**Work order:** Quote all of the data exactly as given. Skip every picture it contains.
(Beginning of Dataset records)
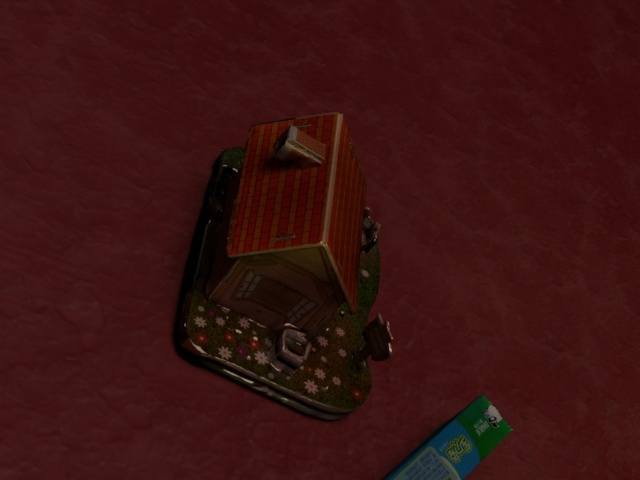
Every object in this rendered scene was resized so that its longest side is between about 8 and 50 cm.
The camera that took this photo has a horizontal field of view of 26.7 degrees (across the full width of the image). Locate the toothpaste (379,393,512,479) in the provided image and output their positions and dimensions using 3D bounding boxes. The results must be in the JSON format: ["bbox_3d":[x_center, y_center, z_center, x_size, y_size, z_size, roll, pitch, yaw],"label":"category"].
[{"bbox_3d":[0.083,0.225,1.222,0.050,0.065,0.266,49,39,9],"label":"toothpaste"}]

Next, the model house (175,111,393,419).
[{"bbox_3d":[-0.001,-0.001,1.292,0.207,0.154,0.294,26,41,-17],"label":"model house"}]
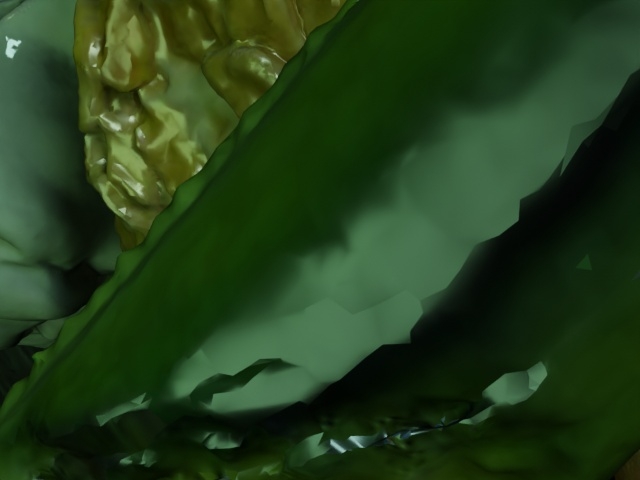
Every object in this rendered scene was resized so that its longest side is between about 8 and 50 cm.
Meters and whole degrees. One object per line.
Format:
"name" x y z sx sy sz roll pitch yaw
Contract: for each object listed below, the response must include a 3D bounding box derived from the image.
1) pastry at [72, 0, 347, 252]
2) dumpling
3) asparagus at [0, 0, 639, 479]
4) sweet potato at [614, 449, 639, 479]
"pastry" 0.000 0.000 0.494 0.154 0.102 0.250 3 111 33
"dumpling" -0.105 -0.014 0.589 0.127 0.108 0.188 43 119 -15
"asparagus" 0.050 -0.019 0.360 0.128 0.108 0.382 44 107 9
"sweet potato" 0.123 0.093 0.473 0.202 0.055 0.058 57 172 -1
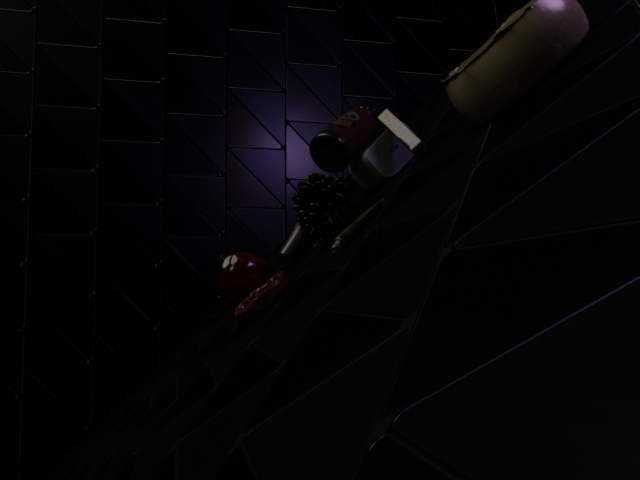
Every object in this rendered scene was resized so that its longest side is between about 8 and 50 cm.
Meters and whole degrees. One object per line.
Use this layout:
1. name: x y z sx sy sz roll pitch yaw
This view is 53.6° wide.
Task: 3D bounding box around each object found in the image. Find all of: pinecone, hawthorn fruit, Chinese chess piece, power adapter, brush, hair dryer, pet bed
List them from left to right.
1. hawthorn fruit: -0.260 0.121 2.104 0.185 0.202 0.185 -44 14 14
2. pet bed: -0.172 0.168 1.895 0.201 0.053 0.201 -38 8 6
3. hair dryer: -0.045 -0.039 2.429 0.301 0.121 0.361 -53 -2 -8
4. brush: 0.000 0.000 2.118 0.083 0.008 0.024 -46 3 -19
5. pinecone: 0.001 -0.104 1.996 0.208 0.208 0.208 -43 6 5
6. power adapter: 0.200 -0.271 2.117 0.187 0.124 0.255 -45 5 -18
7. Chinese chess piece: 0.438 -0.419 1.440 0.338 0.140 0.338 -42 6 5

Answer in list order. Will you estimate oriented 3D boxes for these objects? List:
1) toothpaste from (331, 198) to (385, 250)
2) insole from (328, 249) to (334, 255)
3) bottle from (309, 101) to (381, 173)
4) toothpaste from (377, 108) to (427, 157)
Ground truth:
1. toothpaste: 0.096 -0.040 1.624 0.204 0.031 0.049 -44 5 -29
2. insole: 0.063 -0.004 1.731 0.135 0.002 0.045 -48 6 -32
3. bottle: 0.099 -0.359 2.136 0.144 0.144 0.336 -39 6 44
4. toothpaste: 0.244 -0.334 1.931 0.044 0.193 0.070 -43 -38 7
(End of Dataset records)
**Expected output:**
Every object in this rendered scene was resized so that its longest side is between about 8 and 50 cm.
The camera that took this photo has a horizontal field of view of 26.7 degrees (across the full width of the image). Locate the toothpaste (379,393,512,479) in the provided image and output their positions and dimensions using 3D bounding boxes. The results must be in the JSON format: ["bbox_3d":[x_center, y_center, z_center, x_size, y_size, z_size, roll, pitch, yaw],"label":"category"].
[{"bbox_3d":[0.083,0.225,1.222,0.050,0.065,0.266,49,39,9],"label":"toothpaste"}]

Next, the model house (175,111,393,419).
[{"bbox_3d":[-0.001,-0.001,1.292,0.207,0.154,0.294,26,41,-17],"label":"model house"}]
Every object in this rendered scene was resized so that its longest side is between about 8 and 50 cm.
Meters and whole degrees. One object per line.
Format:
"name" x y z sx sy sz roll pitch yaw
Contract: for each object listed below, the response must include a 3D bounding box derived from the image.
1) pastry at [72, 0, 347, 252]
2) dumpling
3) asparagus at [0, 0, 639, 479]
4) sweet potato at [614, 449, 639, 479]
"pastry" 0.000 0.000 0.494 0.154 0.102 0.250 3 111 33
"dumpling" -0.105 -0.014 0.589 0.127 0.108 0.188 43 119 -15
"asparagus" 0.050 -0.019 0.360 0.128 0.108 0.382 44 107 9
"sweet potato" 0.123 0.093 0.473 0.202 0.055 0.058 57 172 -1
Every object in this rendered scene was resized so that its longest side is between about 8 and 50 cm.
Meters and whole degrees. One object per line.
Use this layout:
1. name: x y z sx sy sz roll pitch yaw
This view is 53.6° wide.
Task: 3D bounding box around each object found in the image. Find all of: pinecone, hawthorn fruit, Chinese chess piece, power adapter, brush, hair dryer, pet bed
List them from left to right.
1. hawthorn fruit: -0.260 0.121 2.104 0.185 0.202 0.185 -44 14 14
2. pet bed: -0.172 0.168 1.895 0.201 0.053 0.201 -38 8 6
3. hair dryer: -0.045 -0.039 2.429 0.301 0.121 0.361 -53 -2 -8
4. brush: 0.000 0.000 2.118 0.083 0.008 0.024 -46 3 -19
5. pinecone: 0.001 -0.104 1.996 0.208 0.208 0.208 -43 6 5
6. power adapter: 0.200 -0.271 2.117 0.187 0.124 0.255 -45 5 -18
7. Chinese chess piece: 0.438 -0.419 1.440 0.338 0.140 0.338 -42 6 5

Answer in list order. Will you estimate oriented 3D boxes for these objects? List:
1) toothpaste from (331, 198) to (385, 250)
2) insole from (328, 249) to (334, 255)
3) bottle from (309, 101) to (381, 173)
4) toothpaste from (377, 108) to (427, 157)
Ground truth:
1. toothpaste: 0.096 -0.040 1.624 0.204 0.031 0.049 -44 5 -29
2. insole: 0.063 -0.004 1.731 0.135 0.002 0.045 -48 6 -32
3. bottle: 0.099 -0.359 2.136 0.144 0.144 0.336 -39 6 44
4. toothpaste: 0.244 -0.334 1.931 0.044 0.193 0.070 -43 -38 7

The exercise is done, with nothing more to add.